Lego has blamed a "tough and turbulent" toy market for a record loss of 1.4bn Danish kroner (£131m; $238m) last year.
Mr Plougmann has paid with his job
The company sacked its chief operating officer, Poul Plougmann, and vowed to slim down management and concentrate on its core building-brick business.
"We have been pursuing a strategy based on growth... by focusing on totally new products," said chief executive Kjeld Kirk Kristiansen.
"This strategy did not give the expected results."
The firm, which has veered between profit and loss in recent years, vowed to break even again in 2004.
Over the past few years, Lego has invested heavily in a host of new markets, including computer games, baby products, camping goods and even shoes.
But the strategy, Mr Kristiansen said, meant the firm missed out on the real values of its core products, and exposed it to the broader stagnation in global toy demand.

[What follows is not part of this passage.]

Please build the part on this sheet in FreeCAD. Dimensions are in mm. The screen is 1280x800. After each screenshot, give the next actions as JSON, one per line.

It's back to basics, says Mr Kristiansen
While worldwide toy sales have ground to a halt, revenues from Lego's building products doubled in 2003.

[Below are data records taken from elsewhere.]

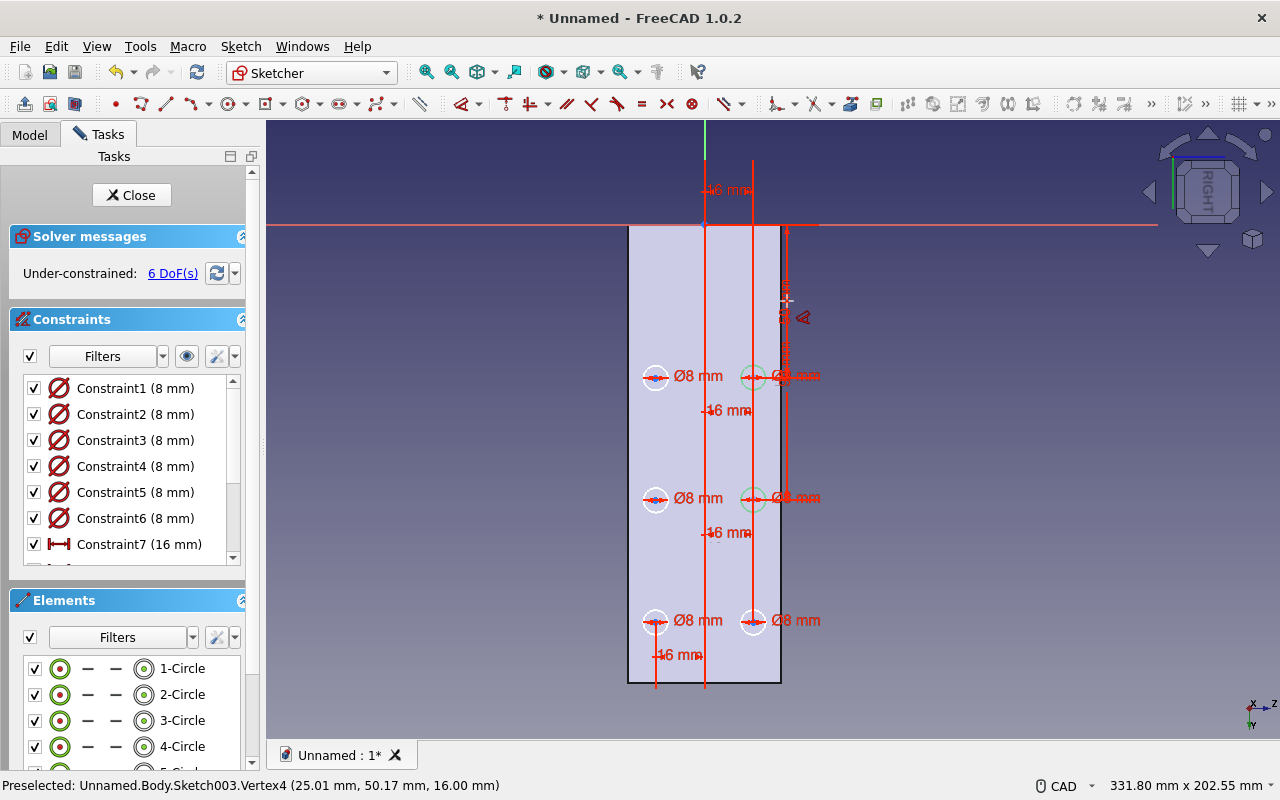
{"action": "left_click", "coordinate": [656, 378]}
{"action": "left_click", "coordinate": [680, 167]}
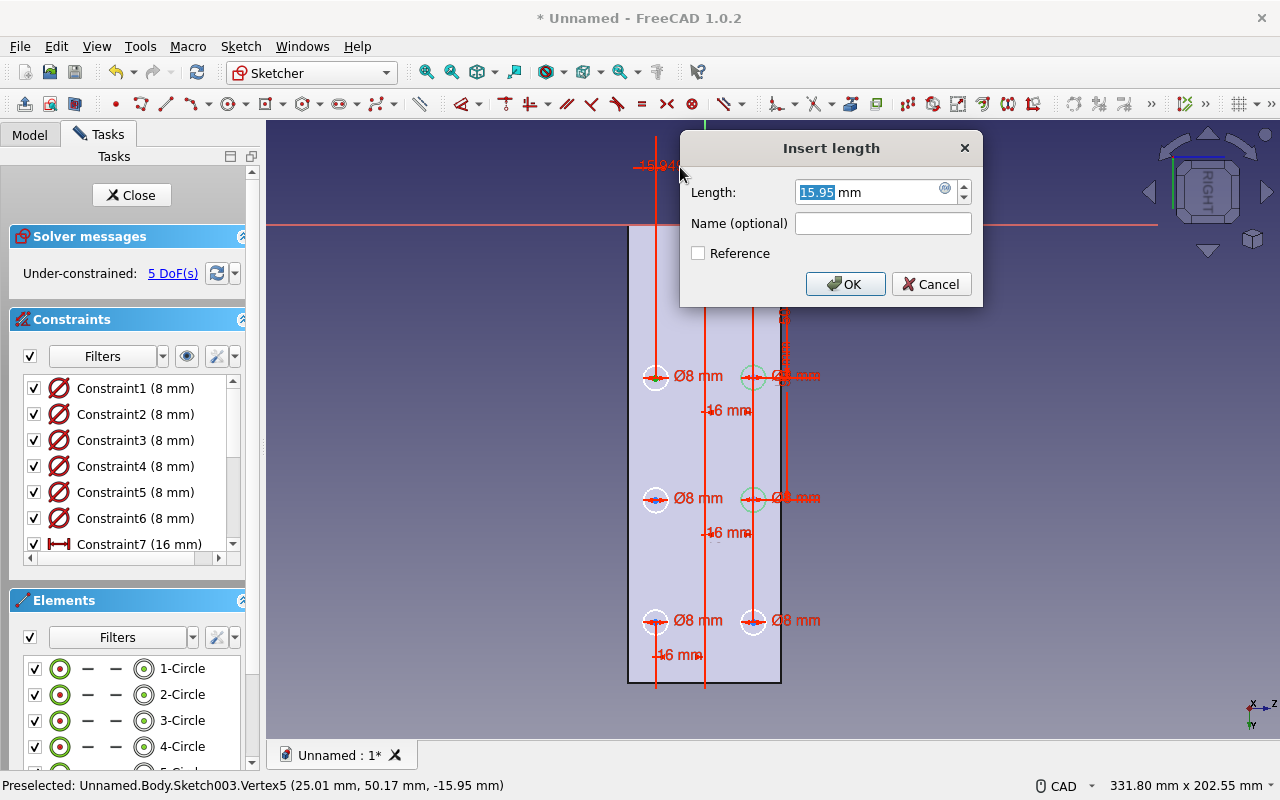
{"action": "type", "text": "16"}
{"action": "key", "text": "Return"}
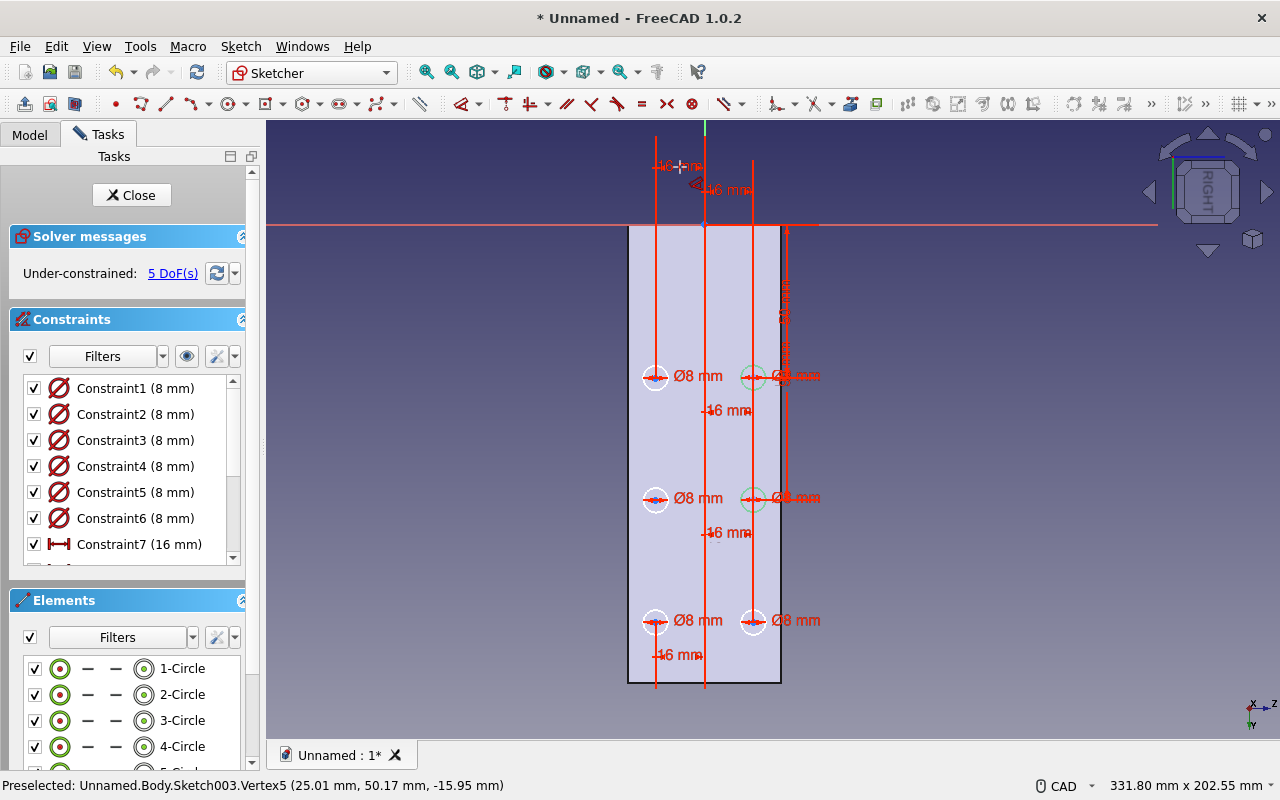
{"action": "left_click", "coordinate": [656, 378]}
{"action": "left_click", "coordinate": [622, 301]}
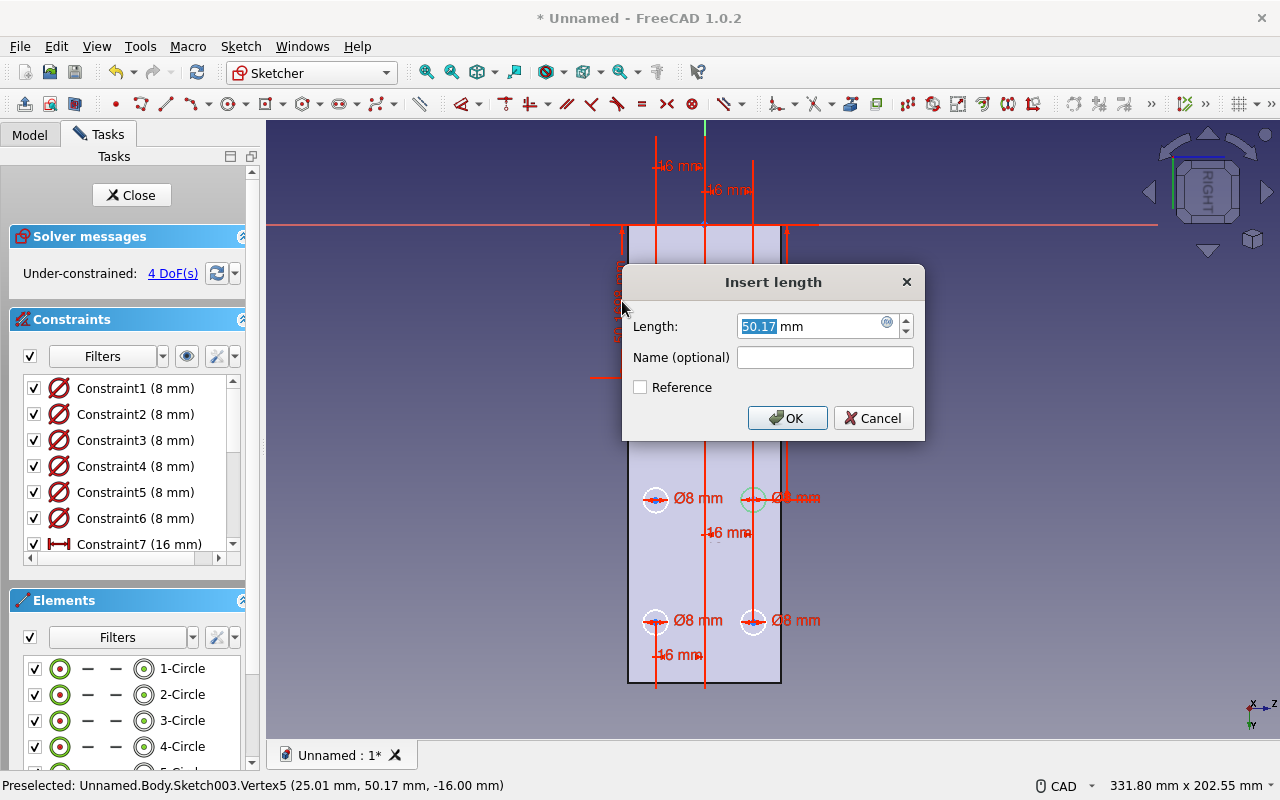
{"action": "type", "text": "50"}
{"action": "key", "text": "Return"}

Lego's biggest recent hits have been in licensing deals with blockbuster entertainment franchises, especially Harry Potter and Star Wars.
But the flow of such deals ran dry last year, leaving Lego particularly exposed ahead of the last Christmas peak season.
Executives in the firing line
It is not yet clear how much cost-cutting will be necessary to get back in the black.
Lego's 2003 results are due to be presented in greater detail over the next couple of months, when the company plans to unveil details of possible job losses.
Mr Kristiansen implied that cuts were more likely to be in the executive suite than on the shop floor.
Lego cut close to 500 production jobs last year.
Mr Kristiansen said that Lego needed a simpler management structure in order to "achieve faster and better decision-making".
"We have to go through the whole organisation and decide which functions we have to do - and which we can do without," he said.